Sewer and Tank Flushing for Corrosion and Pollution Control

This paper presents an overview of causes of sewer deterioration concurrently with a discussion of control methods that can prevent or arrest this deterioration. In particular, discussed are inline- and combined sewer overflow- (CSO) storage-tank-flushing systems for removal of sediments and minimizing hydrogen sulfide production and associated corrosion. During low-flow dry-weather periods, sanitary wastewater organics and solids deposited in combined sewer (CS) systems can generate hydrogen sulfide and methane gases due to anaerobic conditions. Sulfates are reduced to hydrogen sulfide gas which can then be oxidized to sulfuric acid on pipes and structure walls by further biochemical transformation. Furthermore, these solids deposits or sediments are discharged to the urban streams during storm events which can cause degradation of receiving-water quality. Thus, dry-weather sewer sedimentation not only creates hazardous conditions and sewer degradation but contributes significant pollutant loads to the urban receiving waters during wet-weather high-flow periods. Performance of two technologies, i.e., the tipping flusher and the flushing gate was evaluated by a detailed examination of 18 facilities in Germany, Canada, and United States. As a result, both the tipping flusher and flushing gate technology appear to be the most costeffective means for flushing solids and debris from CSO-storage tanks, while the flushing gate is considered to be the most efficient method for flushing large diameter, flat sewers. In addition, cost-effectiveness analysis was conducted for an actual project under construction, comparing flushing gate technology versus conventional large pipe cleaning operations using bucketing methods.

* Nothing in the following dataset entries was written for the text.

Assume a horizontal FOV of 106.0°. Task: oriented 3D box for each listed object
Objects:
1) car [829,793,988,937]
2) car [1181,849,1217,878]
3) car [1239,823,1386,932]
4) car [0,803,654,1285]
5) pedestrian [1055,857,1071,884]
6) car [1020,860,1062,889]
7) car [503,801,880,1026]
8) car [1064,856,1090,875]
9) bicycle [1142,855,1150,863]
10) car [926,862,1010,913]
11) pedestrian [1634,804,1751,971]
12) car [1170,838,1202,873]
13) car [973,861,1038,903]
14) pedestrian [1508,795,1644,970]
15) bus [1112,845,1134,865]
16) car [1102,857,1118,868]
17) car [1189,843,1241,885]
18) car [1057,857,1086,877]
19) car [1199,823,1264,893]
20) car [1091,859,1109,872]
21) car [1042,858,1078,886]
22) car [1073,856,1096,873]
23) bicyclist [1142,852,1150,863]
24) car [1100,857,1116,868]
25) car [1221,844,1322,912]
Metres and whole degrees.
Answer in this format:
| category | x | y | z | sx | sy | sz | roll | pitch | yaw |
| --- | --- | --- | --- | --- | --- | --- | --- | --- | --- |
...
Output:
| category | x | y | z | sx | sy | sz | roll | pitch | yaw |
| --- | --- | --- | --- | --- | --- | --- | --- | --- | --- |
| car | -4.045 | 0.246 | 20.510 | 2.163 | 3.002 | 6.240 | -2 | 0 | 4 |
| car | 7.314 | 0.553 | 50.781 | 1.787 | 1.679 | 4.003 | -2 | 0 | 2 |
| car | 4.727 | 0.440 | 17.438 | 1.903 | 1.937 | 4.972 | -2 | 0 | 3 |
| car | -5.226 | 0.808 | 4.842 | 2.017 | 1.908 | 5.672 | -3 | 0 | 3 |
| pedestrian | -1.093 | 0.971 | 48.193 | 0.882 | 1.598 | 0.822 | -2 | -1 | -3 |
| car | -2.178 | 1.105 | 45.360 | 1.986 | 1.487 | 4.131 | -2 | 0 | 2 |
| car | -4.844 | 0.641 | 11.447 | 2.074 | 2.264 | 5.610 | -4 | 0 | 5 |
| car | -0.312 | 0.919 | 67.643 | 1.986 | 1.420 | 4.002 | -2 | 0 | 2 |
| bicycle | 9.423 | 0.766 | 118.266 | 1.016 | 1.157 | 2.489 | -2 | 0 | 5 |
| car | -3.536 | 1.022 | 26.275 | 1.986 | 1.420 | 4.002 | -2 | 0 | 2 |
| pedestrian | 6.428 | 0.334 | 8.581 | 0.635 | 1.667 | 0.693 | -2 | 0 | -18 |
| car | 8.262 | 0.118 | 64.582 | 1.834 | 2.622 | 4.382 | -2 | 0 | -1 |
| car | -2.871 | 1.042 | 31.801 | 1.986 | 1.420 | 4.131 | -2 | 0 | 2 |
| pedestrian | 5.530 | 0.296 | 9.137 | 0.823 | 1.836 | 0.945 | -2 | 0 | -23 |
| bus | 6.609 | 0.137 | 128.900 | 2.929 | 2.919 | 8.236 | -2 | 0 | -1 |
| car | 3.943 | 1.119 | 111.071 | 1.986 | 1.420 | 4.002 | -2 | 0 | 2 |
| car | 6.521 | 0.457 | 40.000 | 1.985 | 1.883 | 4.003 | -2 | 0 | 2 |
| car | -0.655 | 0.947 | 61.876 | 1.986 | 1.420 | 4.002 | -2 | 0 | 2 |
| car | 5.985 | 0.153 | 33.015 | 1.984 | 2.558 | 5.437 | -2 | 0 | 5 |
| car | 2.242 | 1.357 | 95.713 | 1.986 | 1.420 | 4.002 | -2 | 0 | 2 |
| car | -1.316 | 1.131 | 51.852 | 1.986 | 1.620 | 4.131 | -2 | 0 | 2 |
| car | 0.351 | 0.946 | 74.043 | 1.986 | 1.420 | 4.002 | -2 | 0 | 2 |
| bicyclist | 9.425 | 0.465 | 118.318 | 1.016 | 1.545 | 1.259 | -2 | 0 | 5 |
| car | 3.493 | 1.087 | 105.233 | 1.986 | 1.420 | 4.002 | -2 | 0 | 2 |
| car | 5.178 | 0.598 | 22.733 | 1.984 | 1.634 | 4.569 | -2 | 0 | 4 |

Collection System Modeling for Planning/Design of Sanitary Sewer Overflow (SSO) Control

The nations sanitary sewer infrastructure is aging with some sewers dating back over 100 years. There are more than 19,500 municipal sanitary sewer collection systems nationwide serving an estimated 149 million people and comprising about 500,000 sewer miles. Potential health and environmental risks associated with poor performance of many of these systems highlight the need to increase federal regulatory oversight of the management, operation, and maintenance of these systems. As a result, EPA is in the final stage of preparing and issuing a SSO Rule that will add control of SSO to the NPDES permit requirements. This paper provides a preview of the Rule and describes the advantages of employing a collection system modeling approach for capacity assurance of various components of a collection system and development of SSO mitigation plan. A case study at Henrico County, VA is provided to illustrate the application of a collection system modeling approach to plan for sanitary sewer system improvements.

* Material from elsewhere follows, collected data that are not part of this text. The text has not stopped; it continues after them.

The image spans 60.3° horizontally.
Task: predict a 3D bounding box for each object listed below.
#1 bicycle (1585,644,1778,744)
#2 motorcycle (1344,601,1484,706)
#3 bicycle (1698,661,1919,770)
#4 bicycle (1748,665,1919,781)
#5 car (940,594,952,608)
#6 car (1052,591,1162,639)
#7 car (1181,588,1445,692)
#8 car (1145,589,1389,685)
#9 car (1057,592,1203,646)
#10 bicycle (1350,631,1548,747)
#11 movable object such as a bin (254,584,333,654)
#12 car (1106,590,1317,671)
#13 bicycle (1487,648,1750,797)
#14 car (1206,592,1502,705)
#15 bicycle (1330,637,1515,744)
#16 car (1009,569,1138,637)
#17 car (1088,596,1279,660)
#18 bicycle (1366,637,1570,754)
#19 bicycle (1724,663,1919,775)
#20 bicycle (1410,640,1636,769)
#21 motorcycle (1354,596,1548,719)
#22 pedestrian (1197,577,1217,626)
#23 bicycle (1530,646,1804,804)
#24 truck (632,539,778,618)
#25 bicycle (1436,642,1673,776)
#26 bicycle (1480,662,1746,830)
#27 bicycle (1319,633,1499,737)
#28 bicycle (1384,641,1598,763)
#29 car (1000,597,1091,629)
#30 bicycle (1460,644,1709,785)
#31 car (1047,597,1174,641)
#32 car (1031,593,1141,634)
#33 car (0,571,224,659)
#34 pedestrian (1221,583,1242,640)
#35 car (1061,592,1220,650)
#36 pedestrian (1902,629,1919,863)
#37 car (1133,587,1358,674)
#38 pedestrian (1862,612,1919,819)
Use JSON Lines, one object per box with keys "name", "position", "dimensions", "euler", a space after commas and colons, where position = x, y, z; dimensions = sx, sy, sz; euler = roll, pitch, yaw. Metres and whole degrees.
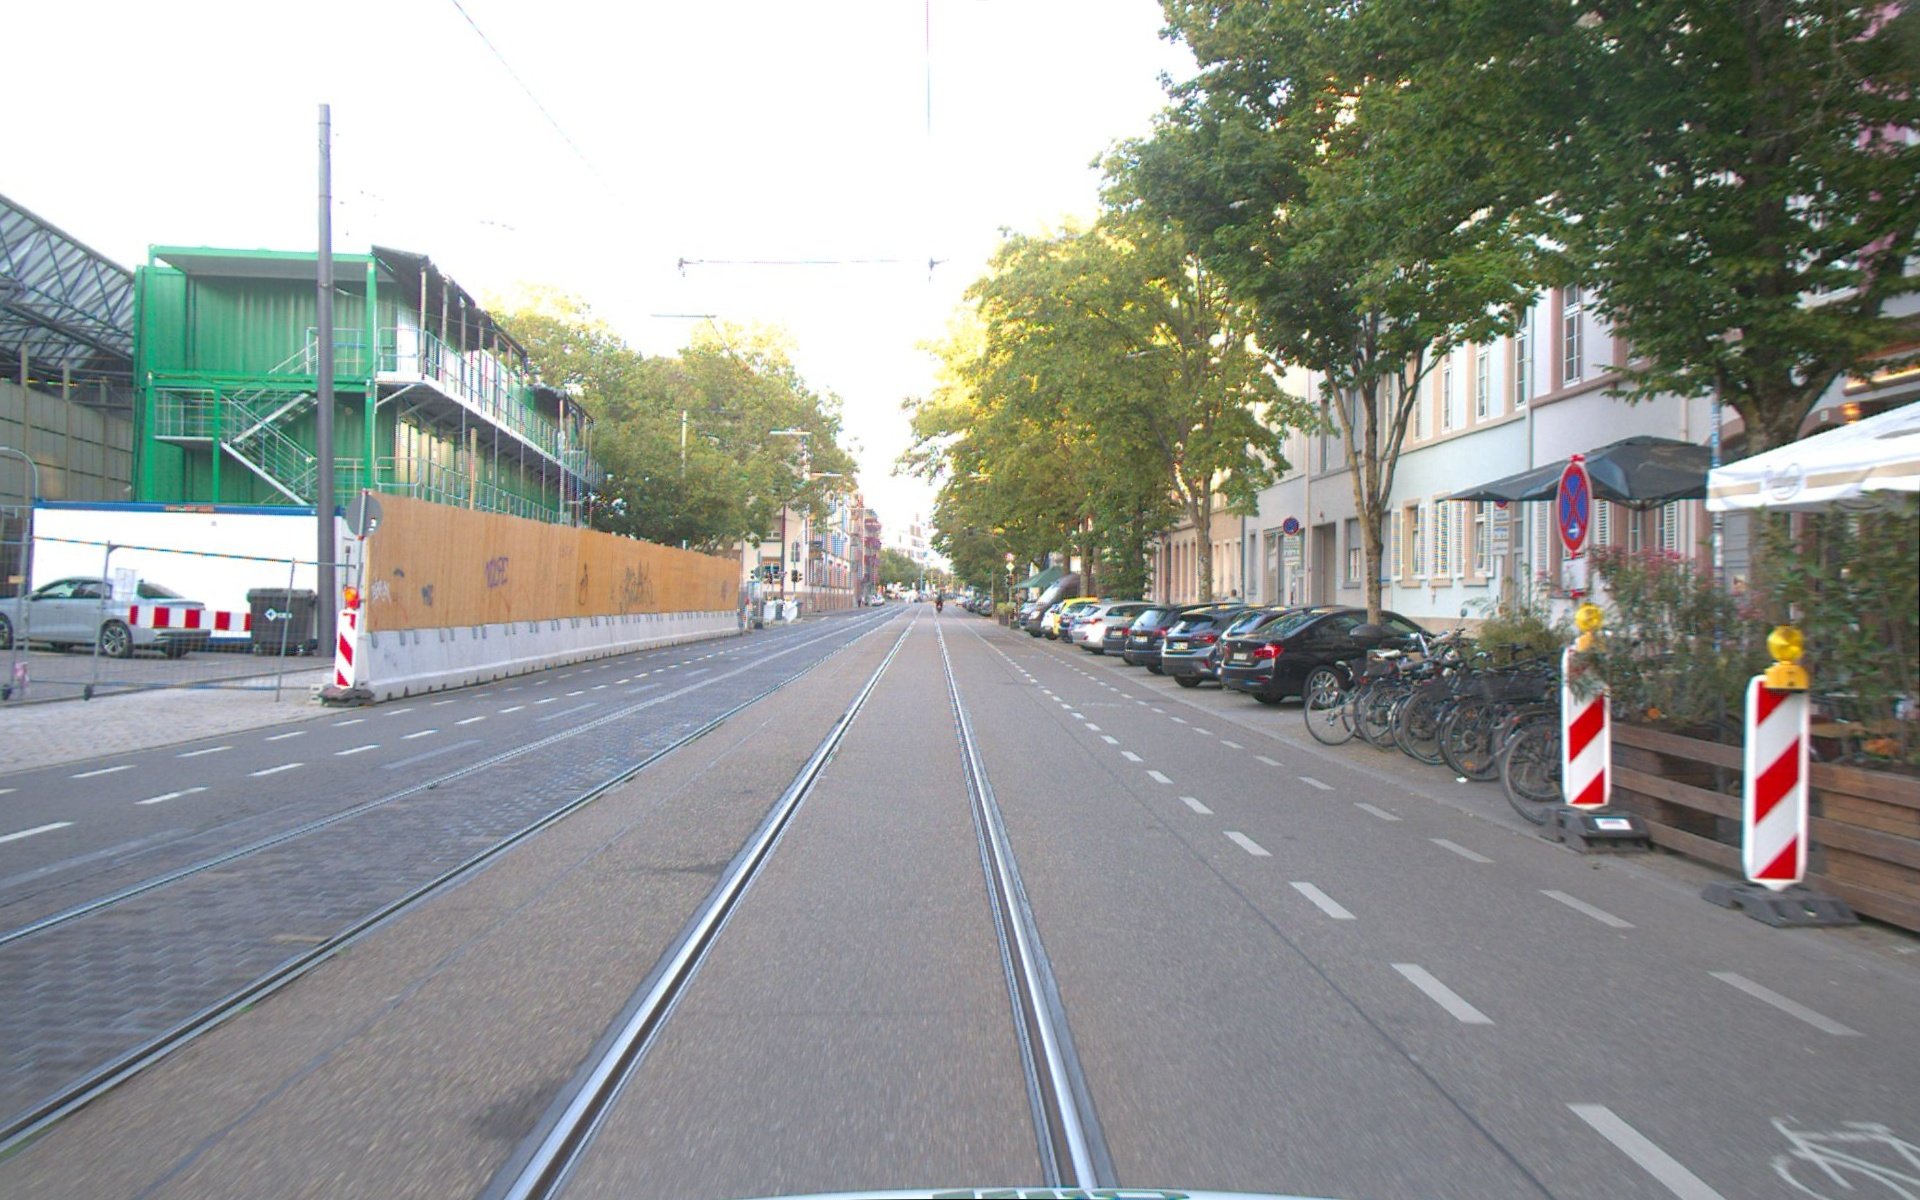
{"name": "bicycle", "position": [7.207, 0.936, 16.542], "dimensions": [1.779, 0.888, 0.325], "euler": [-3, 0, -3]}
{"name": "motorcycle", "position": [6.203, 0.718, 22.638], "dimensions": [1.750, 1.367, 0.533], "euler": [-1, 0, -3]}
{"name": "bicycle", "position": [7.240, 0.983, 14.096], "dimensions": [1.779, 0.888, 0.325], "euler": [1, -1, -3]}
{"name": "bicycle", "position": [7.258, 0.979, 13.206], "dimensions": [1.779, 0.888, 0.387], "euler": [1, -1, -3]}
{"name": "car", "position": [-2.174, 0.126, 257.172], "dimensions": [1.859, 2.049, 3.999], "euler": [1, 0, -1]}
{"name": "car", "position": [5.457, 0.553, 61.699], "dimensions": [3.870, 1.648, 1.920], "euler": [-1, 0, -1]}
{"name": "car", "position": [5.953, 0.643, 28.044], "dimensions": [3.887, 1.496, 1.991], "euler": [-3, 1, -18]}
{"name": "car", "position": [5.634, 0.649, 30.407], "dimensions": [4.059, 1.496, 1.811], "euler": [-3, 1, -22]}
{"name": "car", "position": [5.366, 0.593, 52.147], "dimensions": [4.195, 1.588, 1.883], "euler": [-1, 0, -24]}
{"name": "bicycle", "position": [5.139, 0.925, 17.453], "dimensions": [1.849, 1.086, 0.674], "euler": [-3, 0, -3]}
{"name": "movable object such as a bin", "position": [-13.490, 0.386, 33.504], "dimensions": [1.280, 1.393, 0.783], "euler": [1, 0, -5]}
{"name": "car", "position": [5.406, 0.627, 35.605], "dimensions": [4.065, 1.496, 1.999], "euler": [-3, 1, -26]}
{"name": "bicycle", "position": [5.270, 0.969, 13.292], "dimensions": [1.849, 1.049, 0.608], "euler": [-3, 0, -3]}
{"name": "car", "position": [6.037, 0.695, 25.381], "dimensions": [4.101, 1.451, 1.813], "euler": [-3, 1, -20]}
{"name": "bicycle", "position": [5.057, 0.983, 18.133], "dimensions": [1.826, 1.049, 0.591], "euler": [-3, 0, -4]}
{"name": "car", "position": [4.802, 0.119, 70.095], "dimensions": [5.016, 2.689, 2.011], "euler": [-1, 0, -18]}
{"name": "car", "position": [5.416, 0.657, 40.108], "dimensions": [4.196, 1.416, 2.000], "euler": [-1, 0, -25]}
{"name": "bicycle", "position": [5.121, 0.954, 16.723], "dimensions": [1.849, 1.049, 0.608], "euler": [-3, 0, -3]}
{"name": "bicycle", "position": [7.265, 0.981, 13.661], "dimensions": [1.779, 0.888, 0.325], "euler": [1, -1, -3]}
{"name": "bicycle", "position": [5.193, 0.954, 15.308], "dimensions": [1.849, 1.049, 0.608], "euler": [-3, 0, -3]}
{"name": "motorcycle", "position": [6.319, 0.717, 21.354], "dimensions": [2.178, 1.487, 0.967], "euler": [-1, 0, -3]}
{"name": "pedestrian", "position": [8.072, 0.060, 54.105], "dimensions": [0.527, 1.595, 0.813], "euler": [0, 0, 1]}
{"name": "bicycle", "position": [5.309, 0.926, 12.466], "dimensions": [1.779, 1.049, 0.608], "euler": [-3, 0, -3]}
{"name": "truck", "position": [-12.704, -1.078, 82.966], "dimensions": [6.919, 3.541, 2.539], "euler": [3, 0, -5]}
{"name": "bicycle", "position": [5.241, 0.947, 14.639], "dimensions": [1.849, 1.049, 0.608], "euler": [-3, 0, -3]}
{"name": "bicycle", "position": [4.617, 1.021, 11.740], "dimensions": [1.645, 1.049, 0.556], "euler": [-3, 0, -3]}
{"name": "bicycle", "position": [5.074, 0.951, 18.731], "dimensions": [1.865, 1.049, 0.533], "euler": [-3, 0, -3]}
{"name": "bicycle", "position": [5.145, 0.975, 16.079], "dimensions": [1.849, 1.049, 0.608], "euler": [-3, 0, -3]}
{"name": "car", "position": [4.309, 0.650, 83.316], "dimensions": [4.123, 1.525, 1.992], "euler": [-1, 0, -26]}
{"name": "bicycle", "position": [5.261, 0.952, 13.978], "dimensions": [1.849, 1.049, 0.608], "euler": [-3, 0, -3]}
{"name": "car", "position": [5.312, 0.650, 58.306], "dimensions": [4.072, 1.450, 1.904], "euler": [-1, 0, -27]}
{"name": "car", "position": [4.993, 0.538, 65.408], "dimensions": [3.900, 1.512, 1.905], "euler": [-1, -1, -25]}
{"name": "car", "position": [-16.230, 0.264, 31.310], "dimensions": [3.910, 1.427, 1.737], "euler": [3, 1, 14]}
{"name": "pedestrian", "position": [8.824, 0.376, 53.764], "dimensions": [0.554, 1.846, 0.607], "euler": [0, 0, 0]}
{"name": "car", "position": [5.233, 0.586, 48.186], "dimensions": [4.175, 1.576, 2.014], "euler": [-1, 0, -12]}
{"name": "pedestrian", "position": [5.656, 0.829, 9.208], "dimensions": [0.491, 1.315, 0.600], "euler": [1, 0, 4]}
{"name": "car", "position": [5.725, 0.578, 33.158], "dimensions": [4.065, 1.496, 1.971], "euler": [-3, 1, -26]}
{"name": "pedestrian", "position": [6.373, 0.743, 10.912], "dimensions": [0.492, 1.315, 0.599], "euler": [0, 0, -6]}

Industrial Use of Stormwater: A Hypothetical-Case Study

As population and industry grow, water demand increases, and water supply becomes more of a problem. While reclamation of municipal wastewater for industry, subpotable domestic usage, and groundwater recharge has been practiced in the United States over the past several decades on a limited basis, similar studies need to be taken for urban storm runoff. Rainfall runoff becomes contaminated as it passes over urban land; billions of gallons of water can be recovered for beneficial uses if urban stormwater is properly controlled and treated. The water quality of the treated storm runoff can meet the required standards for subpotable usage. Accordingly, this will enable stormwater reclamation to become a more significant means of augmenting water supply. This paper discusses current urban stormwater control and treatment technologies leading to the feasibility of reclaiming urban stormwater for various purposes. A hypothetical-case study illustrating the cost-effectiveness of reclaiming urban stormwater for complete industrial supply is presented.